The results of the SEM investigation of NaSn₂F₅ crystals are presented in Figure 2.

NaSn₂F₅ crystals are transparent and have a long prismatic shape. On the electron micrographs, one can see quadrangular prisms with a height of 300 to 1500 μm (Figure 2a). The cross section of the prisms is represented either by squares, which is consistent with a tetragonal structure (P4₂/nbc, point group 4/mmm), or by rectangles with an aspect ratio of 1.2–1.5 (Figure 2b,c). As a result of spontaneous crystallization from the solution, imperfect crystals are obtained. The side walls are rough, apparently etched with a solution in some places (Figure 2d). Some of the crystals were broken during the process of drying and placing on a stage for microscopic investigation.

Macroscopically, the NaSn₂F₅ faces are atomically smooth with kinks only in the region of steps, corresponding to tangential (layer-by-layer) crystal growth. Figure 2c shows growth steps perpendicular to the [001] direction of the tetragonal structure. The upper steps are represented by octagons, the sides of which are perpendicular to the directions [010], [100], [110], and [1 $\overline{1}$ 0]. At the top of the crystal, there is a vicinal growth hillock where growth has been interrupted. The crystal is faceted by the planes of the (110) and (100) sets. The (100) faceting planes are practically degenerate. The observation of several crystal cleavages indicates that defect-free prisms grow with a square cross section; in the presence of a defect in the cross section, the crystals have a rectangular cross section.

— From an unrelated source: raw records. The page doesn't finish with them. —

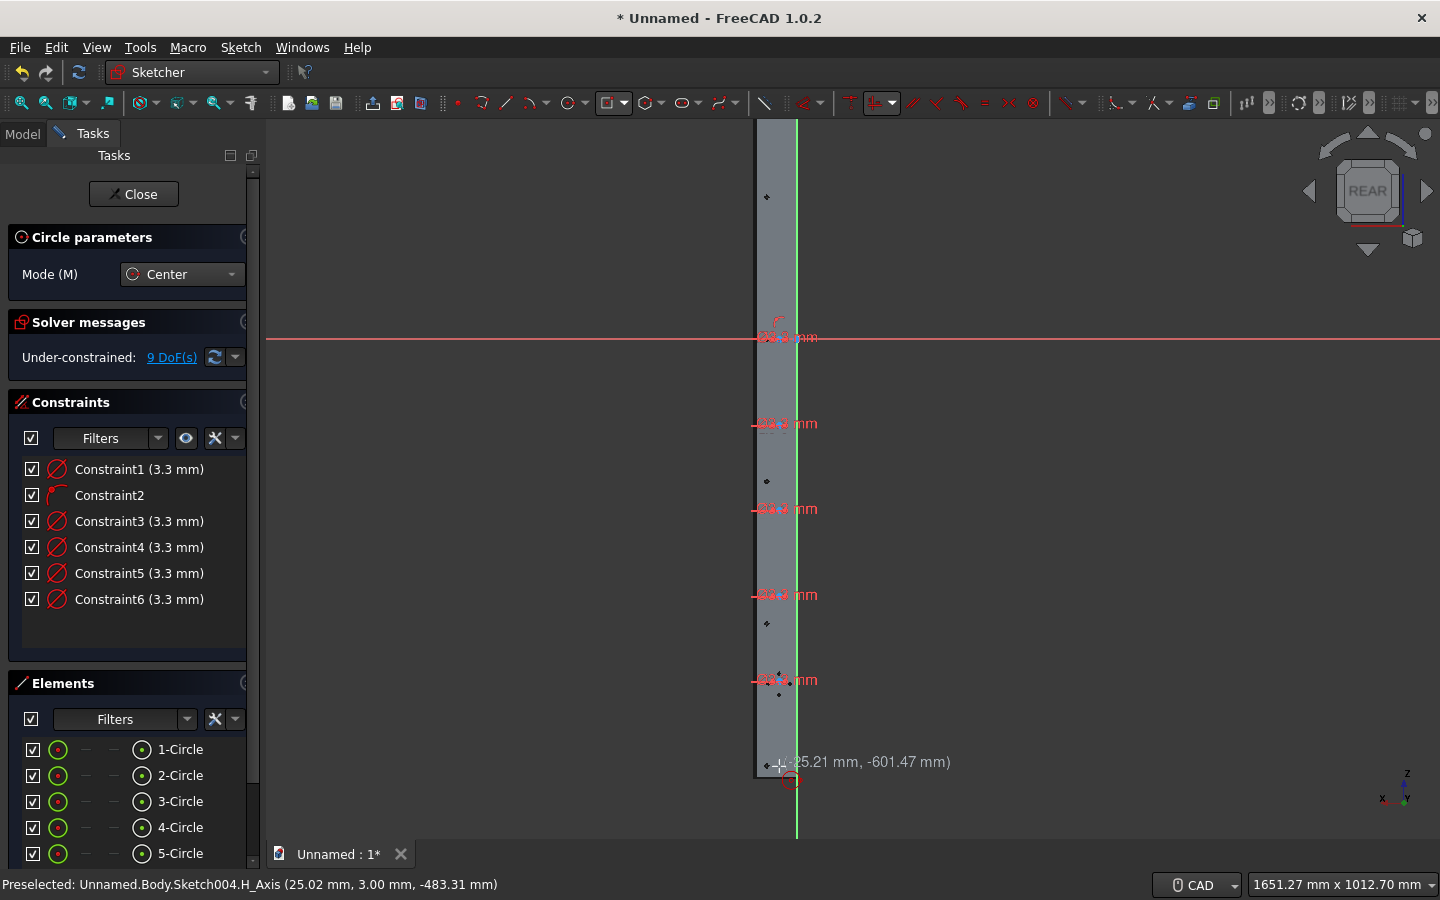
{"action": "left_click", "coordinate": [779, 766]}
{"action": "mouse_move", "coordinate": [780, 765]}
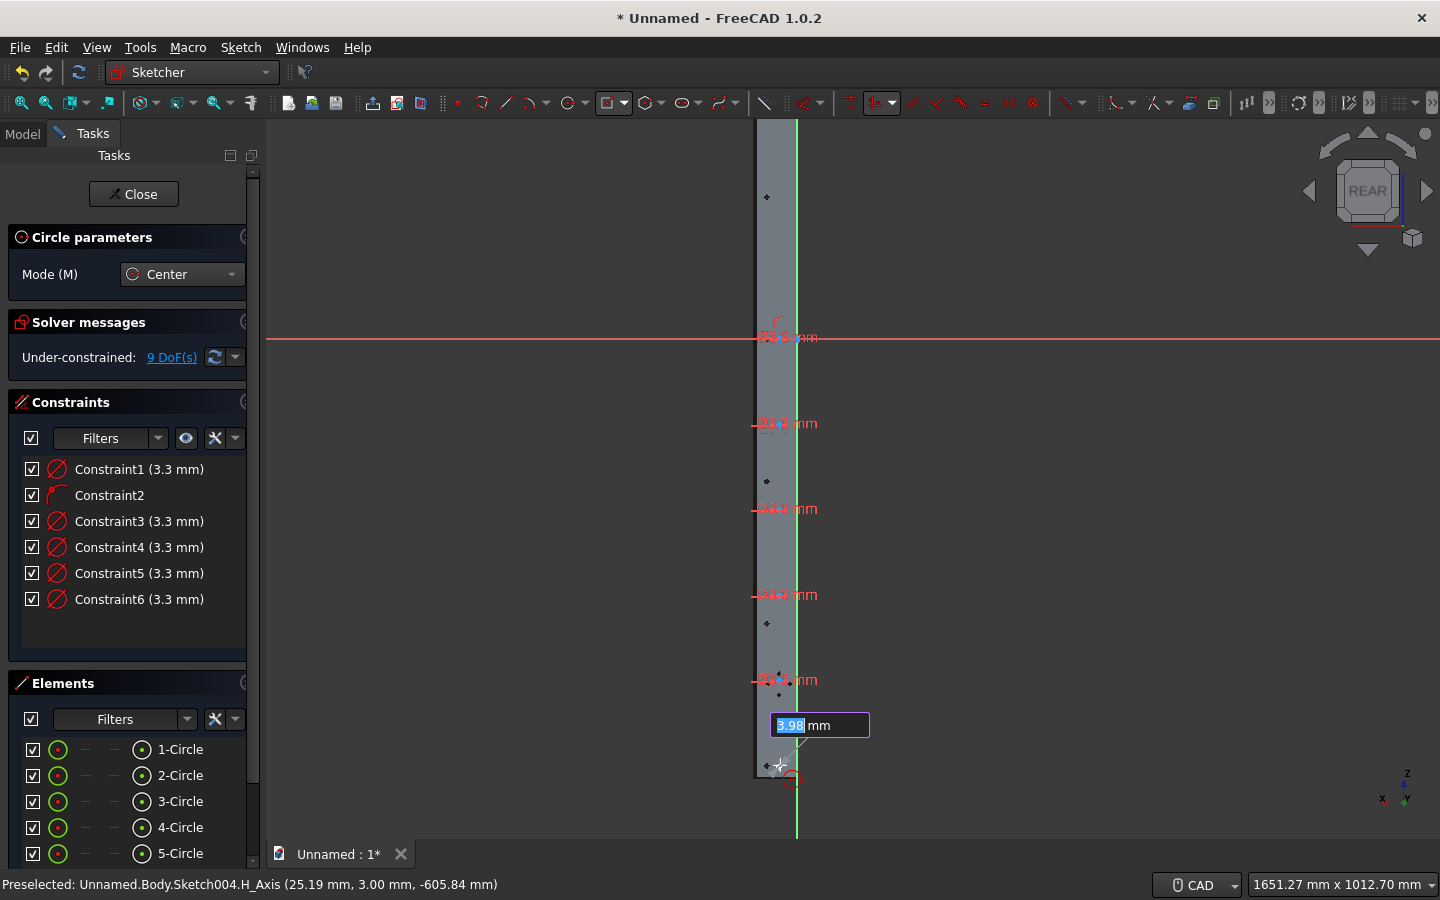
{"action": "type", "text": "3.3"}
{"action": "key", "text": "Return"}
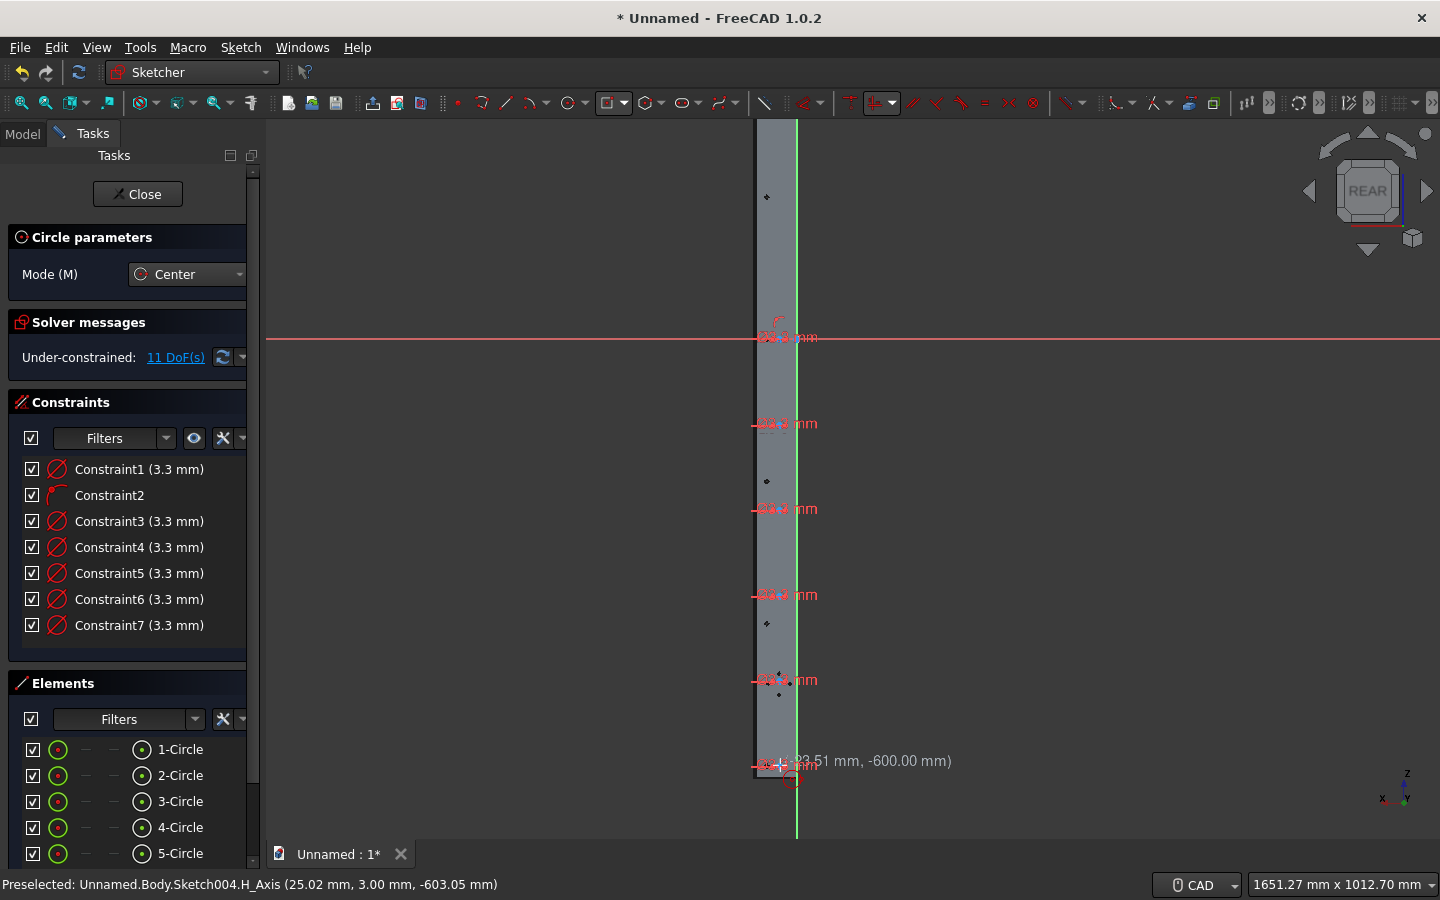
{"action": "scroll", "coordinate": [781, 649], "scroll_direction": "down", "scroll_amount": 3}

Features of the crystals’ faceting are associated with the formation of the (110) plane. Consideration of the crystal structure shows that this plane can be formed by a plane of tin atoms or a plane containing sodium and tin atoms. In the first case, the surface is formed by chains of fluorine atoms parallel to the crystallographic axis c; they are interspersed with wide bands containing non-bonding (filled) orbitals of tin atoms. The orbitals lie in the plane of atoms. In the second case, chains of sodium atoms are located between chains of tin atoms, between which there are fluorine atoms. The non-bonding orbital is located perpendicular to the plane. In both cases, the attachment of atoms to a given face is complicated by the presence of a large area occupied by non-bonding tin orbitals.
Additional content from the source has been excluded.